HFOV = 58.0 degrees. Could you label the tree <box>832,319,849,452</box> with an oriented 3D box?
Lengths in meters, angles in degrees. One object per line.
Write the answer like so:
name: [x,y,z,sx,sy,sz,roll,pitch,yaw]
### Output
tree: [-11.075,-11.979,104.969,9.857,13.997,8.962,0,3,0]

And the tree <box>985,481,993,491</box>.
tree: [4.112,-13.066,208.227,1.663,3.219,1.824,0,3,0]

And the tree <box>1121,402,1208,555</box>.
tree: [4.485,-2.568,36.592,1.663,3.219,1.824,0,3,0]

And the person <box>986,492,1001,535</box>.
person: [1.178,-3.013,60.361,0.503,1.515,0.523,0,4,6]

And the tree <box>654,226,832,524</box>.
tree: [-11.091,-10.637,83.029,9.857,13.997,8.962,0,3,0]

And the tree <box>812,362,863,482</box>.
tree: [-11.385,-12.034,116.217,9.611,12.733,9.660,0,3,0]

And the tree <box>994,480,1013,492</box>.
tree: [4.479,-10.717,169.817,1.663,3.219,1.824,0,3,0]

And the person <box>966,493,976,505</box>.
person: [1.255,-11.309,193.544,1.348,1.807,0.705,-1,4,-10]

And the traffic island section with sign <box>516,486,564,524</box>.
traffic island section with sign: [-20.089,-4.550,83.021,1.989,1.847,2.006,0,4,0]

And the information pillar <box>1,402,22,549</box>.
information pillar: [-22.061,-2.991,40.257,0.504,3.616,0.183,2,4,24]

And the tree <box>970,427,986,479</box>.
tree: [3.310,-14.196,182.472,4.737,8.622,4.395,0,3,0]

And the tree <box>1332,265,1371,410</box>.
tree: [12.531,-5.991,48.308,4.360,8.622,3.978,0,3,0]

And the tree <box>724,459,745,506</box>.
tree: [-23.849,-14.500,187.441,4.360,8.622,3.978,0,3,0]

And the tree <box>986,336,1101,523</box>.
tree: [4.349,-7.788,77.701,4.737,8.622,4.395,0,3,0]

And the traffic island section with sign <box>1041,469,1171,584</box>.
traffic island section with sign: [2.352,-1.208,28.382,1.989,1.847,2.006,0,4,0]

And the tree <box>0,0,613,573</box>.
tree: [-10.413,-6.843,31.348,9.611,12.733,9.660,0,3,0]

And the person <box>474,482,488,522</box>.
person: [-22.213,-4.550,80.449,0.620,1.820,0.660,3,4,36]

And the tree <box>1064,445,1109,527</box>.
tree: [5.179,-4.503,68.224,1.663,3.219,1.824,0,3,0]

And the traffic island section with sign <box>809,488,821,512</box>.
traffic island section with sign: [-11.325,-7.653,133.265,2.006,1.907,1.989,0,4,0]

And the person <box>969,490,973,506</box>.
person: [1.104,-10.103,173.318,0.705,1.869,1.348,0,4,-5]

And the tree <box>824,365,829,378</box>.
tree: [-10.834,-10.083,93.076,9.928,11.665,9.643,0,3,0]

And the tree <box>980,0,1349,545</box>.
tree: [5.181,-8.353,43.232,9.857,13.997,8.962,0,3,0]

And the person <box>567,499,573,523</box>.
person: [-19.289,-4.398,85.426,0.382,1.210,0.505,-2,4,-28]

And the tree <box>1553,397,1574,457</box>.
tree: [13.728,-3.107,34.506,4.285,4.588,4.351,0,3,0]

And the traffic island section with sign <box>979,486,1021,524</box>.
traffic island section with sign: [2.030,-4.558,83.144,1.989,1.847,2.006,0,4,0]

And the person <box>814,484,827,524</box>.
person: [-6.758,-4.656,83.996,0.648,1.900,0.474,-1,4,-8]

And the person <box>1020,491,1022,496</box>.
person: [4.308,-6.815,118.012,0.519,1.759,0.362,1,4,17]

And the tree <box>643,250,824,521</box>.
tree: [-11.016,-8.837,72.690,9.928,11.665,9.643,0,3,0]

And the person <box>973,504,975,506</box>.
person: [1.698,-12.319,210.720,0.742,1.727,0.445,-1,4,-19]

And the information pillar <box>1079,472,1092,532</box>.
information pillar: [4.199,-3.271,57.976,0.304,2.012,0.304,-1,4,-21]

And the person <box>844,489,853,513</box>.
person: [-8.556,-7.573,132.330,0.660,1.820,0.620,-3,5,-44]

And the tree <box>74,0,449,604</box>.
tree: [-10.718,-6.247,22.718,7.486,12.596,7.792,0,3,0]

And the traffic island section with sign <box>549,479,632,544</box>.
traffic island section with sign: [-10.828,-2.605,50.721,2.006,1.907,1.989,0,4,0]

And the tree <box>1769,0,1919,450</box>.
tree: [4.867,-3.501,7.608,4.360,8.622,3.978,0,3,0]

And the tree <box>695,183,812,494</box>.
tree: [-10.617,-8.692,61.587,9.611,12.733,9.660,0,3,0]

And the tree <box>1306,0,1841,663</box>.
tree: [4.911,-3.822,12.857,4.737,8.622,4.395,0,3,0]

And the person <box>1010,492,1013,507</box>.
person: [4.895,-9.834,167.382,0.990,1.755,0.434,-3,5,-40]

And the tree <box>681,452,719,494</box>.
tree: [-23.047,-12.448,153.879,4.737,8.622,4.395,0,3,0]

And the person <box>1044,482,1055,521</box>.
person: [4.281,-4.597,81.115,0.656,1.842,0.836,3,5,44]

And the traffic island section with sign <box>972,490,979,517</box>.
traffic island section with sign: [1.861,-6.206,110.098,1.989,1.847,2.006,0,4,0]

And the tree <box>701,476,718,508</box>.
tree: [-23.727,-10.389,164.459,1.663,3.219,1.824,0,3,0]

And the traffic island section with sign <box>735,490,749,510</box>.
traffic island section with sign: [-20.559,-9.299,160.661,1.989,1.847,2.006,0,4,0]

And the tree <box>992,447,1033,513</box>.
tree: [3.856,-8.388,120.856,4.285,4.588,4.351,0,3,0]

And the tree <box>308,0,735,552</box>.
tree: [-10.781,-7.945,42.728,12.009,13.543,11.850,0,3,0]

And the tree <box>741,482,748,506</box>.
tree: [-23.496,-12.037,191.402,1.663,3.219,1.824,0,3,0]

________________________

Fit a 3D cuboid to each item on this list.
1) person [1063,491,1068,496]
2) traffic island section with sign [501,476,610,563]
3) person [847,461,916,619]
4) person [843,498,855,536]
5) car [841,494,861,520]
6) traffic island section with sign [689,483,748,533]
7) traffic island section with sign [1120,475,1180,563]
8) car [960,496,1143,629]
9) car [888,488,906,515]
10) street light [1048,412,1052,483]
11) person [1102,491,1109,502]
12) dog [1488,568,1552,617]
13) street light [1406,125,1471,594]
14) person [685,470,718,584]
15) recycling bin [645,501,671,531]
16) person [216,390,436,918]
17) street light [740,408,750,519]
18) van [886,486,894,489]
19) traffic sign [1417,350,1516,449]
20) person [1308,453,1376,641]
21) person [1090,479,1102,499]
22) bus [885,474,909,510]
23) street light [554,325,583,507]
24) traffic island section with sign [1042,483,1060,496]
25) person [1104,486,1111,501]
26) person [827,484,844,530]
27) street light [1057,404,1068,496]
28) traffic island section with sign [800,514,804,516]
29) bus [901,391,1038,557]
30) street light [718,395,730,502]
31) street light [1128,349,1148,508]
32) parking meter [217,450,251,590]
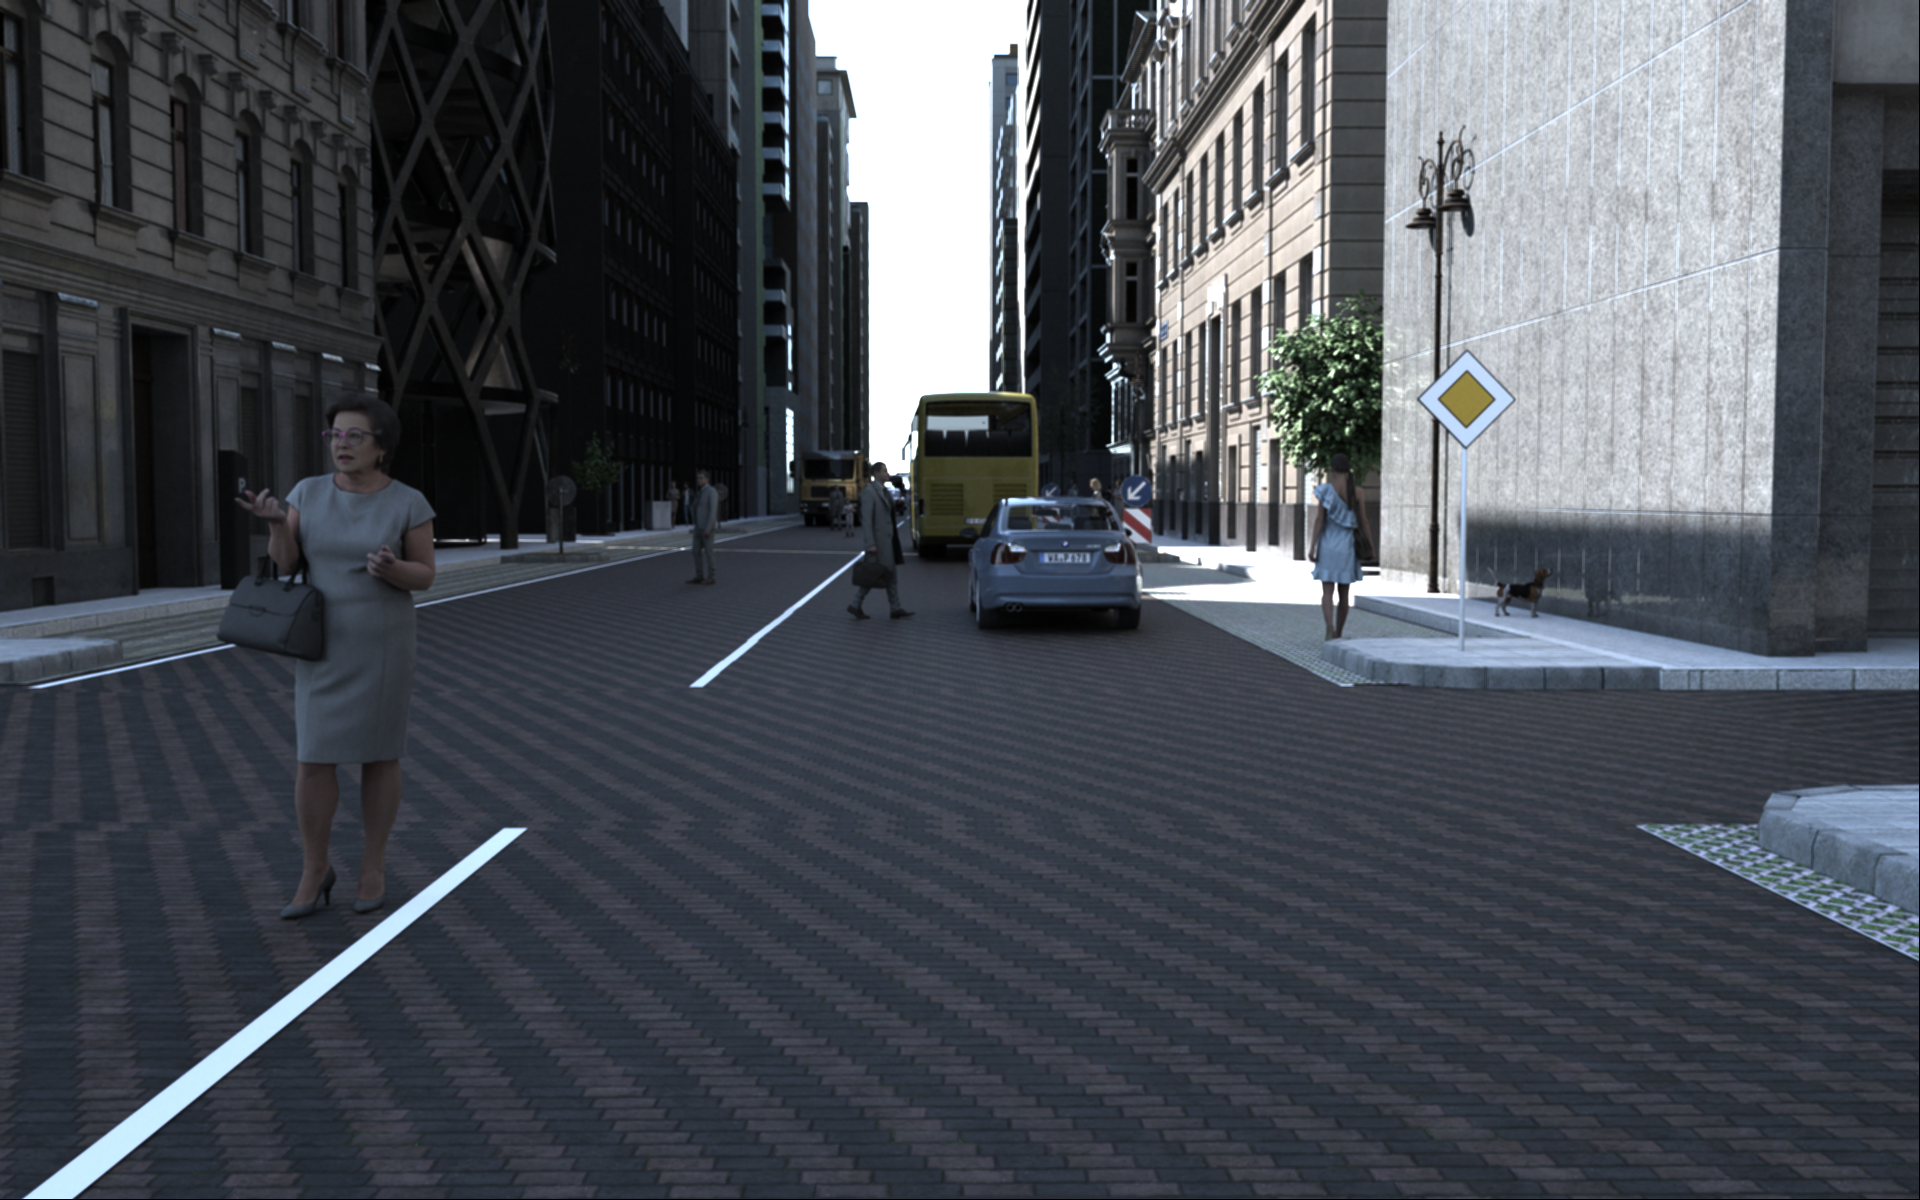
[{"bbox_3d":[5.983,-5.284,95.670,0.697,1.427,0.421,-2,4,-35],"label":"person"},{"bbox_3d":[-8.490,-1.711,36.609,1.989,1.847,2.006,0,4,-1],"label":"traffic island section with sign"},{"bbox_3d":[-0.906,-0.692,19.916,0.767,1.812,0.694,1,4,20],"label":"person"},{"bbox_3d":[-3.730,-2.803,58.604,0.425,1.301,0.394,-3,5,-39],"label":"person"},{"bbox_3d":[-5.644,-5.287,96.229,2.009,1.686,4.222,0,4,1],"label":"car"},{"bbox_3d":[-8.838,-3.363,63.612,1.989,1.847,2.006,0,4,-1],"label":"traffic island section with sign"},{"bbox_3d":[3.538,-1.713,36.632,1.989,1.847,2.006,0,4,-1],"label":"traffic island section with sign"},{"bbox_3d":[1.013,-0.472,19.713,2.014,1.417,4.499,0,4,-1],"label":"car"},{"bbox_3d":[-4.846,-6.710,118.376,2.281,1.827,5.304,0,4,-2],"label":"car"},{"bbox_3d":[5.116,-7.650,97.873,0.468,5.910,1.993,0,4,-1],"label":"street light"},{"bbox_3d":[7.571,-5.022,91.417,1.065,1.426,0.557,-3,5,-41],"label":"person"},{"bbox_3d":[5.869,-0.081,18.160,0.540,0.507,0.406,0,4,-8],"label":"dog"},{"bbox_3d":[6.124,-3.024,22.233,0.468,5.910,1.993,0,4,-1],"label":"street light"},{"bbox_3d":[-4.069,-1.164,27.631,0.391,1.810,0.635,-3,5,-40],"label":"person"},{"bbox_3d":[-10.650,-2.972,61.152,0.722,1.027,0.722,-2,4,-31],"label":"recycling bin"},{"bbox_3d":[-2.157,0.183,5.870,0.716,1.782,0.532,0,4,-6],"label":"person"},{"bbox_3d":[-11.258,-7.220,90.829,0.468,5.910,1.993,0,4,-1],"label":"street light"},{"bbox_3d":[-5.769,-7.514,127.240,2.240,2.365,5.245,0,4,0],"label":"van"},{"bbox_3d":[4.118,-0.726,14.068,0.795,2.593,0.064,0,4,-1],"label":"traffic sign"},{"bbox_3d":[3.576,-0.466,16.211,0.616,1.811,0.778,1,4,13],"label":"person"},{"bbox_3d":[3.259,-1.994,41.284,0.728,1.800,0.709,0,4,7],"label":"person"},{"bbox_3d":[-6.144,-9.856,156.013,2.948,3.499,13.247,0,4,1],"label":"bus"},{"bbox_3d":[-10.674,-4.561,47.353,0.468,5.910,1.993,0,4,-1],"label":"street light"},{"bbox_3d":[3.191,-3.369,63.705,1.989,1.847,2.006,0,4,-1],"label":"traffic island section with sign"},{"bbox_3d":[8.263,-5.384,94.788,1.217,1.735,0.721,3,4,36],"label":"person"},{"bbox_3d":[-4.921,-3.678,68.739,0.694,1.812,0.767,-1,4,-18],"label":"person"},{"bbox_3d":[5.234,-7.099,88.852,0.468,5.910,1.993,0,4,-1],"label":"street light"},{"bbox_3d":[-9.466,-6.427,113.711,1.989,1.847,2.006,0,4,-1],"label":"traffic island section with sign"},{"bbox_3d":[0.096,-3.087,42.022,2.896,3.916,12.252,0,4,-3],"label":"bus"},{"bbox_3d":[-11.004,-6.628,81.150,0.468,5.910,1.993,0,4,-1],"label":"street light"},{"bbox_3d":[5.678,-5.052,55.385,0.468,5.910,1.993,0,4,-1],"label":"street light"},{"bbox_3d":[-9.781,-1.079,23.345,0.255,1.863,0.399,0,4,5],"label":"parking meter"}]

________________________

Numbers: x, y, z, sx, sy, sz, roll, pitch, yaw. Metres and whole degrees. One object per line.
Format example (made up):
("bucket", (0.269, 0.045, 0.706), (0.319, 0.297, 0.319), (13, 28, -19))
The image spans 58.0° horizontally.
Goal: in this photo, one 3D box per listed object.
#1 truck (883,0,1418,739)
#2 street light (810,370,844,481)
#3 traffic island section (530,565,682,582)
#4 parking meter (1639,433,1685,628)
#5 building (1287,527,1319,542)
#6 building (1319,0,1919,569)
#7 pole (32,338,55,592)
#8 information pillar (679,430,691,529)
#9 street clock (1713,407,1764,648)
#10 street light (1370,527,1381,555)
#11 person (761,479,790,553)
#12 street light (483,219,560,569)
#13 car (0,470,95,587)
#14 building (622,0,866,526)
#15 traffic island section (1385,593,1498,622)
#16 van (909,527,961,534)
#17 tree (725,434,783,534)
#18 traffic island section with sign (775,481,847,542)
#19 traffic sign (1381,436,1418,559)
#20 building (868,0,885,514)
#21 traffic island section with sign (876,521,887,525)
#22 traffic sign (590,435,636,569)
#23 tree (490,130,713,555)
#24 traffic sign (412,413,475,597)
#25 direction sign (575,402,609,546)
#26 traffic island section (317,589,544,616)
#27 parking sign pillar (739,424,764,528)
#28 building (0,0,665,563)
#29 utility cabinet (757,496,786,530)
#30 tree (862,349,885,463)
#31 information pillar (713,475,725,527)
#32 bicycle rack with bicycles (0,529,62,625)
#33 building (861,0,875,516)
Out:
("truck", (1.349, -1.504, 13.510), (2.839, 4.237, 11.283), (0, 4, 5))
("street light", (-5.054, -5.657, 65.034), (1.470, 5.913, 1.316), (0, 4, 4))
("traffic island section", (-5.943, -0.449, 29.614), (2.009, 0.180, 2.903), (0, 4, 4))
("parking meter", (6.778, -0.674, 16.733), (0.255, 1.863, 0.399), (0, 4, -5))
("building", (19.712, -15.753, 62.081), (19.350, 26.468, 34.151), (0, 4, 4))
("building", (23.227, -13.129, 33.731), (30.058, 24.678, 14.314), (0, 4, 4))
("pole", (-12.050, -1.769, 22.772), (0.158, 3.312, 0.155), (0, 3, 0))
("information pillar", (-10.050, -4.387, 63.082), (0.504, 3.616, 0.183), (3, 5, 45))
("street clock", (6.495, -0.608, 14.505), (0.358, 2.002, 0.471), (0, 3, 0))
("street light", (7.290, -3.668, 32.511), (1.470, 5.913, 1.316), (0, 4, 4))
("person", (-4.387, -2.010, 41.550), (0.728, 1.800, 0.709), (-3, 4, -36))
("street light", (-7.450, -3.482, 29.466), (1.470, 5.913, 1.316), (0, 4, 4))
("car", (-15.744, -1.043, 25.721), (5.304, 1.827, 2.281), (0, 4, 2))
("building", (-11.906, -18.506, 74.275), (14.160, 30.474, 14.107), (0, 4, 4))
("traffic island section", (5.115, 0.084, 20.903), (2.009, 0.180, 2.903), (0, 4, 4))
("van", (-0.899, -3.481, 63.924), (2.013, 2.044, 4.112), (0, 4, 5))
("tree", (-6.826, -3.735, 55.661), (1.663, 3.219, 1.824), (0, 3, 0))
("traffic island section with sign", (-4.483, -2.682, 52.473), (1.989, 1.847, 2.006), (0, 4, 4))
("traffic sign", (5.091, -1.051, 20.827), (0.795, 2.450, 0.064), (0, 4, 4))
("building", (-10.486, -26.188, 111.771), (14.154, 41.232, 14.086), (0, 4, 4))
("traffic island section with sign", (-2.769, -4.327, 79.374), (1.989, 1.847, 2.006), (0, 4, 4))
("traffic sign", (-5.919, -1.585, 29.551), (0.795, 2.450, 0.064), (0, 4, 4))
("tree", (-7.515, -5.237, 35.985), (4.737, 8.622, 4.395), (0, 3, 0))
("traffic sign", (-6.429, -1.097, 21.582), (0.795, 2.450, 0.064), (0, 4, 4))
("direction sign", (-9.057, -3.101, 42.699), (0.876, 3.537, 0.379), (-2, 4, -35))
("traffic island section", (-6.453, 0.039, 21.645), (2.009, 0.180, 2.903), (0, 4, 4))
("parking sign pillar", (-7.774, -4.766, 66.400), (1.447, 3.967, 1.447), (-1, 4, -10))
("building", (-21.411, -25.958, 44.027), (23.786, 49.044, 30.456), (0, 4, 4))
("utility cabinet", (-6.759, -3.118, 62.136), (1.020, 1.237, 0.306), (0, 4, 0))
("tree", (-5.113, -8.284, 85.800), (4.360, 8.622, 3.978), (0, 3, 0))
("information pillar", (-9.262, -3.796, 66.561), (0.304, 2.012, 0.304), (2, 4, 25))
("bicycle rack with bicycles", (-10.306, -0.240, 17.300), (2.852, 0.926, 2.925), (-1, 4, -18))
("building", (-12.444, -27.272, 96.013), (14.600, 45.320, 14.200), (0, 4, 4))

________________________

> _PROBLEM TO SOLVE_: With the line holding "#13 car (0,470,95,587)" as the first and the line holding "#33 building (861,0,875,516)" as the last, please transcribe exactly the lines of the material above in that range and nothing else.

> _YOUR SOLUTION_:
#13 car (0,470,95,587)
#14 building (622,0,866,526)
#15 traffic island section (1385,593,1498,622)
#16 van (909,527,961,534)
#17 tree (725,434,783,534)
#18 traffic island section with sign (775,481,847,542)
#19 traffic sign (1381,436,1418,559)
#20 building (868,0,885,514)
#21 traffic island section with sign (876,521,887,525)
#22 traffic sign (590,435,636,569)
#23 tree (490,130,713,555)
#24 traffic sign (412,413,475,597)
#25 direction sign (575,402,609,546)
#26 traffic island section (317,589,544,616)
#27 parking sign pillar (739,424,764,528)
#28 building (0,0,665,563)
#29 utility cabinet (757,496,786,530)
#30 tree (862,349,885,463)
#31 information pillar (713,475,725,527)
#32 bicycle rack with bicycles (0,529,62,625)
#33 building (861,0,875,516)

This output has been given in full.